* [WORK TO BE COMPLETED]: Which lines in the records below contain the word "model"? Return each of them.
--- DATA EXCERPTS Enclosed Below ---
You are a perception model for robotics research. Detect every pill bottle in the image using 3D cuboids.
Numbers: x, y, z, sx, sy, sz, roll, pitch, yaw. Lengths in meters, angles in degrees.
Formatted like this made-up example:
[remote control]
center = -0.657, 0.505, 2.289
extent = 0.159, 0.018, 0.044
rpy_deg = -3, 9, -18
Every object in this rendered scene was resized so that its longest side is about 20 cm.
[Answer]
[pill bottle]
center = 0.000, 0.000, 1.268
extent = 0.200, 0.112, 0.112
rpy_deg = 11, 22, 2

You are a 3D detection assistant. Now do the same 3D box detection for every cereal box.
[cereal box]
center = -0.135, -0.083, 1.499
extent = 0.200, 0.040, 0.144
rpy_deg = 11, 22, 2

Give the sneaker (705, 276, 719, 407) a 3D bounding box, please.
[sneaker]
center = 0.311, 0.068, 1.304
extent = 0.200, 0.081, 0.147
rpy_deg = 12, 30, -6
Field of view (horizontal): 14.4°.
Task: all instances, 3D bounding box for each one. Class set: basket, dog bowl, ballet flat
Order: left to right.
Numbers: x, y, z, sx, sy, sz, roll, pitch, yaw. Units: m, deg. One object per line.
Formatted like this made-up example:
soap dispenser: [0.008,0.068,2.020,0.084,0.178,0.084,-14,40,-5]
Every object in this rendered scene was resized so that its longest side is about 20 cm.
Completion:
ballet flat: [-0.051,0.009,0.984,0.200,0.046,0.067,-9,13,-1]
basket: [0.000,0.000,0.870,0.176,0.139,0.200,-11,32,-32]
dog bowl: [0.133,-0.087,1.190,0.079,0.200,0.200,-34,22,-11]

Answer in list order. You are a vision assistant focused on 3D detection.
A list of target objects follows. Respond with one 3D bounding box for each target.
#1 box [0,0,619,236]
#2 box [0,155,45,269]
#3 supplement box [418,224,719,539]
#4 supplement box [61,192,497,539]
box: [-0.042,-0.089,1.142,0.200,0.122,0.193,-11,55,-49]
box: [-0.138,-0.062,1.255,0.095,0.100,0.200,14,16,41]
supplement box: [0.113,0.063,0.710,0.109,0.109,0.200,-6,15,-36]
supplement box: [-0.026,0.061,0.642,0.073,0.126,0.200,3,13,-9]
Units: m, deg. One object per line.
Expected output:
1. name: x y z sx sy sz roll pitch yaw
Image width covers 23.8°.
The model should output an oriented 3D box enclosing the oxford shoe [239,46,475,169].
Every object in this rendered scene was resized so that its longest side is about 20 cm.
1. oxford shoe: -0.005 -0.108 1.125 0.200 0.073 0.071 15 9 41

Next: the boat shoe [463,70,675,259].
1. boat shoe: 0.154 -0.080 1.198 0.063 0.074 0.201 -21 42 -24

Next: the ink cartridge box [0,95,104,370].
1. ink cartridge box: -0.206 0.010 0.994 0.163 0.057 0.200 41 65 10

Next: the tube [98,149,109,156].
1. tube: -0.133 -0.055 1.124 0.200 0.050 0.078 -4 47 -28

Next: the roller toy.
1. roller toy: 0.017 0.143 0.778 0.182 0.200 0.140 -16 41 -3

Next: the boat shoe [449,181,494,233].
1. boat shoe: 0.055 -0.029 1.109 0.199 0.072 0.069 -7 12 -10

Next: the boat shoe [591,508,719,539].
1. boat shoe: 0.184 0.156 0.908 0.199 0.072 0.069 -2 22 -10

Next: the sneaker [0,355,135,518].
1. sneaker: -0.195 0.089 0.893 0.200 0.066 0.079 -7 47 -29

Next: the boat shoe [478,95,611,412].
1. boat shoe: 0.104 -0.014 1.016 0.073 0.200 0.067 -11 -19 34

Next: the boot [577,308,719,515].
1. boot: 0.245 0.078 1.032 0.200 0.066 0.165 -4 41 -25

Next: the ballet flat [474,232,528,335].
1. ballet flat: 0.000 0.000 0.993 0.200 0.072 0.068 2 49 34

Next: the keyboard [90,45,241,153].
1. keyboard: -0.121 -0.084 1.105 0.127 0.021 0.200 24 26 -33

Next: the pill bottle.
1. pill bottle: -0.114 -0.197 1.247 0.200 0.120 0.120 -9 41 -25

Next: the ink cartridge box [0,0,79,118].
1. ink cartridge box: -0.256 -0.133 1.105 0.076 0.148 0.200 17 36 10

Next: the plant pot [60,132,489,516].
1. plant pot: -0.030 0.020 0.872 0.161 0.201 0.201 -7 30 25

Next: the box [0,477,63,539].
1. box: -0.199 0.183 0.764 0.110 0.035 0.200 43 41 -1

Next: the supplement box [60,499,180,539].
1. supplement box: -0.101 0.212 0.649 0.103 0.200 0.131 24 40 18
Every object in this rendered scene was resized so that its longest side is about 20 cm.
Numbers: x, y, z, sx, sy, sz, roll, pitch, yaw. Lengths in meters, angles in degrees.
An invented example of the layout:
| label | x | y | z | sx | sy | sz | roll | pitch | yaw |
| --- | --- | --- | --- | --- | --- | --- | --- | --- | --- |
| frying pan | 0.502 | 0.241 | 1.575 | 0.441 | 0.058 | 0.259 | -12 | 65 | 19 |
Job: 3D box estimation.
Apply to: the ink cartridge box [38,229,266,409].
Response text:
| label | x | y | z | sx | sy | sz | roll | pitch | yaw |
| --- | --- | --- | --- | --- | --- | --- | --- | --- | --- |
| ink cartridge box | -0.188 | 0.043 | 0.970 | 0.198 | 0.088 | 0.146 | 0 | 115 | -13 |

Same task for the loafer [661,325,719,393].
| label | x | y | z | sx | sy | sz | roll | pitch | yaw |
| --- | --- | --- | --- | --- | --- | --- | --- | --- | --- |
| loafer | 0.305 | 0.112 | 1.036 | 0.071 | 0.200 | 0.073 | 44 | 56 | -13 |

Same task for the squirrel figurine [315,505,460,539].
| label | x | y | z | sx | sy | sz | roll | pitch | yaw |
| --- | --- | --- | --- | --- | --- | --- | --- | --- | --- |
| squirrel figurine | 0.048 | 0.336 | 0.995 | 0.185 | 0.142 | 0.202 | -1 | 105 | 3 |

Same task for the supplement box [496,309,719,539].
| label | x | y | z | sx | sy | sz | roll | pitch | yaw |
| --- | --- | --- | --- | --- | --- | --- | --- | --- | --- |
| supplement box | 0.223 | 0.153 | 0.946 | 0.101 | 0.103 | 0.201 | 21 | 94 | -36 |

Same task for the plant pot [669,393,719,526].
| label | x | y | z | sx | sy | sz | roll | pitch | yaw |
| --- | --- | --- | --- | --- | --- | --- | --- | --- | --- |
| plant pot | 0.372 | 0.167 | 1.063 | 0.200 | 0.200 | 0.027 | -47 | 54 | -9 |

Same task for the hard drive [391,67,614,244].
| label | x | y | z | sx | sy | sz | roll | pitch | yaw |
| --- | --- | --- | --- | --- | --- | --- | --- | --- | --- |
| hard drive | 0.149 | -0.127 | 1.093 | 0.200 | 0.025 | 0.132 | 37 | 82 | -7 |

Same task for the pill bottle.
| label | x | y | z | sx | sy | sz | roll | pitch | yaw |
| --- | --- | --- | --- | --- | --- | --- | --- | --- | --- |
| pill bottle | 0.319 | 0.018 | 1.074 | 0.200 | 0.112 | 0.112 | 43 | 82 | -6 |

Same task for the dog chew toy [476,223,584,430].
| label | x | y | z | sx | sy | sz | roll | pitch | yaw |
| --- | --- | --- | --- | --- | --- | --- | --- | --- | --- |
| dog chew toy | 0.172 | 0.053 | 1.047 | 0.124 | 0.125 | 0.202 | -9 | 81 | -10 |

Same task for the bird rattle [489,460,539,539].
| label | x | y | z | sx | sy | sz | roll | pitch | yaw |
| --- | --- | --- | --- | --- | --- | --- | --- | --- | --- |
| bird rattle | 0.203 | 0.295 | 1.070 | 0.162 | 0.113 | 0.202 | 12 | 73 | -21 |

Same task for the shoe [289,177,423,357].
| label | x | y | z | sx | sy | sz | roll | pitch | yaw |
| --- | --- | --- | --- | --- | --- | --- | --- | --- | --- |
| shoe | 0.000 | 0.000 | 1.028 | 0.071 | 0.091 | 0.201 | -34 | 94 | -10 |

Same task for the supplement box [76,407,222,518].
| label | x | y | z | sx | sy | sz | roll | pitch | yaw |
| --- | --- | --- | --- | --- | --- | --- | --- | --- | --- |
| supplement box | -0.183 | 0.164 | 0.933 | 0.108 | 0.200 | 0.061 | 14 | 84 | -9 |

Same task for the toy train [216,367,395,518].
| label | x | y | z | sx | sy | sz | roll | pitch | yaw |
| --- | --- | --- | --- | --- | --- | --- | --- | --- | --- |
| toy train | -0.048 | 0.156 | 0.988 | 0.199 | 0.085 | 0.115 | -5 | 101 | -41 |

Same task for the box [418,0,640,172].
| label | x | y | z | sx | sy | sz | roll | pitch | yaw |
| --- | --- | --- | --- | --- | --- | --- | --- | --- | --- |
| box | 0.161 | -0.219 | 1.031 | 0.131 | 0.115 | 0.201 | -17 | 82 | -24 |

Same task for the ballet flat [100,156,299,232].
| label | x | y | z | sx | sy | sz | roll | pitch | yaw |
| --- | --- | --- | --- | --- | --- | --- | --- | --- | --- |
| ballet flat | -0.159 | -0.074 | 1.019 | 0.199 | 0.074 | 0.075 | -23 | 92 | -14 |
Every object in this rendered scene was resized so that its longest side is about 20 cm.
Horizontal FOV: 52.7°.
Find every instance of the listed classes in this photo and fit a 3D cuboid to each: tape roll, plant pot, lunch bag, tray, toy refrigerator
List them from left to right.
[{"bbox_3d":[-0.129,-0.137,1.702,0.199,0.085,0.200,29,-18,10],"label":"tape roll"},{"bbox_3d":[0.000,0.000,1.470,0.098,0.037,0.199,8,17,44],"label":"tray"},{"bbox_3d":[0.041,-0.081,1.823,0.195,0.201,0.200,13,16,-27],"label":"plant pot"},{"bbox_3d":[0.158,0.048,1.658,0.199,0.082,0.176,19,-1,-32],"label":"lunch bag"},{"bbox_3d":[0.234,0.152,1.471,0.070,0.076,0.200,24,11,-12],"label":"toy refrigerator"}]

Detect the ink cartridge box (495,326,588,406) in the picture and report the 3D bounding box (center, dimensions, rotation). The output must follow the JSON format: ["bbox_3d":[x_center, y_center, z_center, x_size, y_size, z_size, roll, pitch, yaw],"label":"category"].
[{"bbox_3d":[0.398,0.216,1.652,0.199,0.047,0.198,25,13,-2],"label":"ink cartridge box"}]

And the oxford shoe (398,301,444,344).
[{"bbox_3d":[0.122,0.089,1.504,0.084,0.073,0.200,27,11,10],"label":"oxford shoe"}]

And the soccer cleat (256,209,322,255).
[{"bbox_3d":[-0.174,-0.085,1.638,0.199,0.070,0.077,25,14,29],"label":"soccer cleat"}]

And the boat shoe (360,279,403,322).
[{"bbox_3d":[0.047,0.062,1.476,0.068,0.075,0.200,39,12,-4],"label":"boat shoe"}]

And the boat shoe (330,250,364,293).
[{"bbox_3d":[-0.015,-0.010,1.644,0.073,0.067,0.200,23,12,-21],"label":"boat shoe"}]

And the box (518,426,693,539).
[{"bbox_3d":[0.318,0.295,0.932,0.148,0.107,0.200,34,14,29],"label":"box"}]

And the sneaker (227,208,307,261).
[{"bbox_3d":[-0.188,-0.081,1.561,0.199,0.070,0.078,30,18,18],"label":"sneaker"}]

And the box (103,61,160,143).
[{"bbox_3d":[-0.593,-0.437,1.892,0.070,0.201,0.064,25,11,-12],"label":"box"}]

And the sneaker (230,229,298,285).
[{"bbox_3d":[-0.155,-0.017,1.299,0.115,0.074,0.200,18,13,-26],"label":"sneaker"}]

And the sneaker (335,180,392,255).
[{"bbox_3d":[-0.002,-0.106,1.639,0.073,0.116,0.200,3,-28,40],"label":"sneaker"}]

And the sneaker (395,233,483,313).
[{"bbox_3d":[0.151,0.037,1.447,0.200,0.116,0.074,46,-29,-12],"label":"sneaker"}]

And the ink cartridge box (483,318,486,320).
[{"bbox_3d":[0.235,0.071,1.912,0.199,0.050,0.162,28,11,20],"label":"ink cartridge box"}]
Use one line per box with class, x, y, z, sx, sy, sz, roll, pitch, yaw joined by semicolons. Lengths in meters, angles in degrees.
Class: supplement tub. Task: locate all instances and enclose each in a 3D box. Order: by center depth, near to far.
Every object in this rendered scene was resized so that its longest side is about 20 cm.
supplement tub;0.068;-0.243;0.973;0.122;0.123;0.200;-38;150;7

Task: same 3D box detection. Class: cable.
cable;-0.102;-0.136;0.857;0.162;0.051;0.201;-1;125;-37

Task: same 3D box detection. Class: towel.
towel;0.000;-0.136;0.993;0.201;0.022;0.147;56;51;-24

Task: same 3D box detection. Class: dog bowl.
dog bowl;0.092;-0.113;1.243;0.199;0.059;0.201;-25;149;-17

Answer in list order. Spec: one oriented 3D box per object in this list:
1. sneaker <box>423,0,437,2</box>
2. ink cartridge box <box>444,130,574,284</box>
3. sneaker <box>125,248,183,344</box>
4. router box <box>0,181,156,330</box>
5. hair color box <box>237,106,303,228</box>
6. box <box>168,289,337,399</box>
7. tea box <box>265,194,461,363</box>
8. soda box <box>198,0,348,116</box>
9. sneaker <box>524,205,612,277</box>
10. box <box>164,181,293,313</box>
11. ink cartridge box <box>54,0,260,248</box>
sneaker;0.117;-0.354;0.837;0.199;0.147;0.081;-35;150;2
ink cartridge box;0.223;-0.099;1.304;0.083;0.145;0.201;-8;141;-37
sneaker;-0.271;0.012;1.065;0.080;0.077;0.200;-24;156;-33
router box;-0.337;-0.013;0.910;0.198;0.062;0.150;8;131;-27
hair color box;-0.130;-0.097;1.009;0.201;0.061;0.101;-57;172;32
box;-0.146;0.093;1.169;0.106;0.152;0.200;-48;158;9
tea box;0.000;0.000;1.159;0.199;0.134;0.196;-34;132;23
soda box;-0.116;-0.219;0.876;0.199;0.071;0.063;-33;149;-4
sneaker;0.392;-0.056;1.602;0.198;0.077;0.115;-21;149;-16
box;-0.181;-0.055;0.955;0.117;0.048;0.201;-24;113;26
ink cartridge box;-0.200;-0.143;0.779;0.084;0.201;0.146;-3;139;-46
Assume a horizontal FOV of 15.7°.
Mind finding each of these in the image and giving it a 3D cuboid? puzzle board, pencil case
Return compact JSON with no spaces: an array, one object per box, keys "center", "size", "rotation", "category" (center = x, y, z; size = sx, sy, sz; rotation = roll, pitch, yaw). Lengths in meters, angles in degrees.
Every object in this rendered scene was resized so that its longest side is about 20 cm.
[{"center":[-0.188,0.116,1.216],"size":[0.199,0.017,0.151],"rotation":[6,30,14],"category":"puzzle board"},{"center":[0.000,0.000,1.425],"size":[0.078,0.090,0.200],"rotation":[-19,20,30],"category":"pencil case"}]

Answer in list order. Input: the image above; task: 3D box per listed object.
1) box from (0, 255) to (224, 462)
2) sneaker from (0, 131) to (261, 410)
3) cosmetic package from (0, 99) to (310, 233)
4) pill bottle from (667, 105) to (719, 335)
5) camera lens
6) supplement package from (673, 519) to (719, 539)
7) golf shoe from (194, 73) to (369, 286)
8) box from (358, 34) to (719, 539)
--- End of Enclosed DATA EXCERPTS ---
* [TASK RESULT]:
You are a perception model for robotics research. Detect every pill bottle in the image using 3D cuboids.
The model should output an oriented 3D box enclosing the oxford shoe [239,46,475,169].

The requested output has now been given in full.